Alongside attempts to directly co-opt US policymakers, pharmaceutical lobbyists advanced a few key arguments (which readers may recognize). The first was self-victimization. Clayton K. Yeutter, the US Trade Representative in the late 1980s, testified before Congress in 1996: “[American firms] must rely on foreign governments to protect their valuable intellectual property rights. Often, foreign governments fall short, leaving US owners of intellectual property defenseless against piracy.”15 His language frames IP rights holders as “defenseless” against foreign pirates threatening to purloin American innovations. Suddenly, some of the wealthiest companies in the world were cast as victims of moral violation, in need of protection.

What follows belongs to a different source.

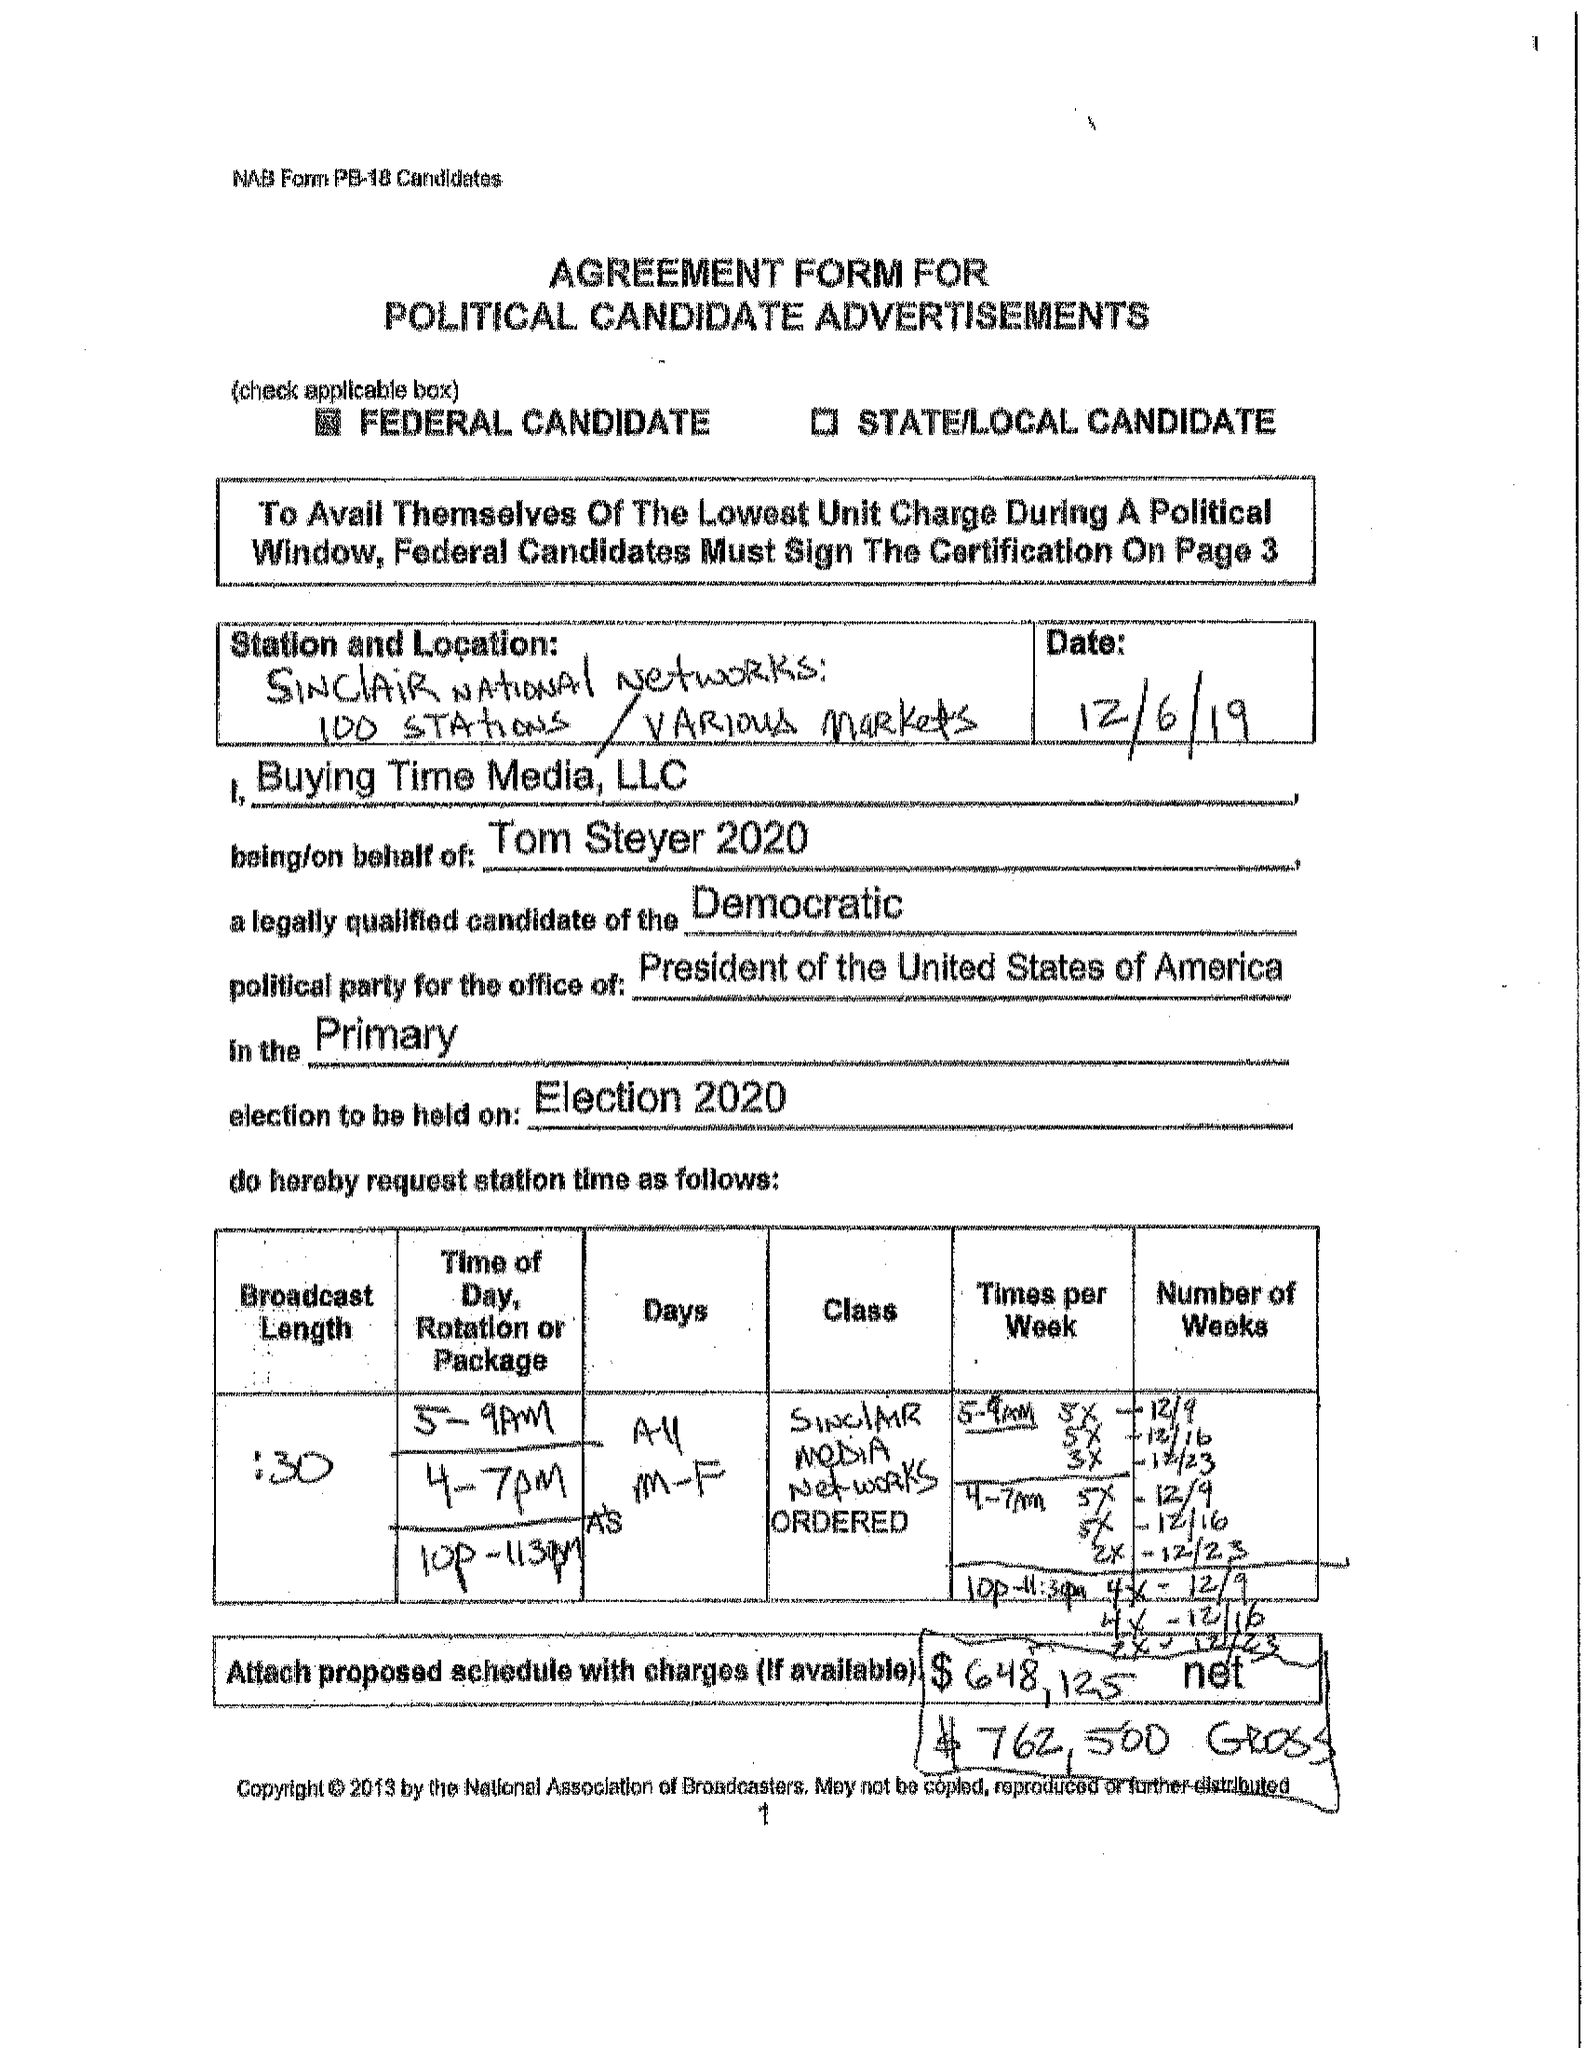What is the value for the flight_to?
Answer the question using a single word or phrase. 12/29/19

The second argument explicitly advanced by the pharmaceutical industry was outlined by Gerald J. Mossinghoff, the head of major US pharmaceutical lobbying group PhRMA. In a 1996 Senate hearing, Mossinghoff blamed the 1984 Hatch-Waxman Act, a US federal law that encourages the manufacture of generic drugs, for weakening incentives to develop life-saving medication: “Sustained innovation is really our only hope for reducing [the toll of life-threatening diseases such as AIDS],” he argued. “But because Hatch-Waxman, combined with a far tougher marketplace, has dampened the incentives for R&D [research and development] investment significantly over the past 11 years, there is a danger that less innovation will occur in the future.”16 Mossingoff implies that the pharmaceutical industry is moral in nature, but requires market incentives to pursue its ultimate goal of providing essential medicines to the developing world.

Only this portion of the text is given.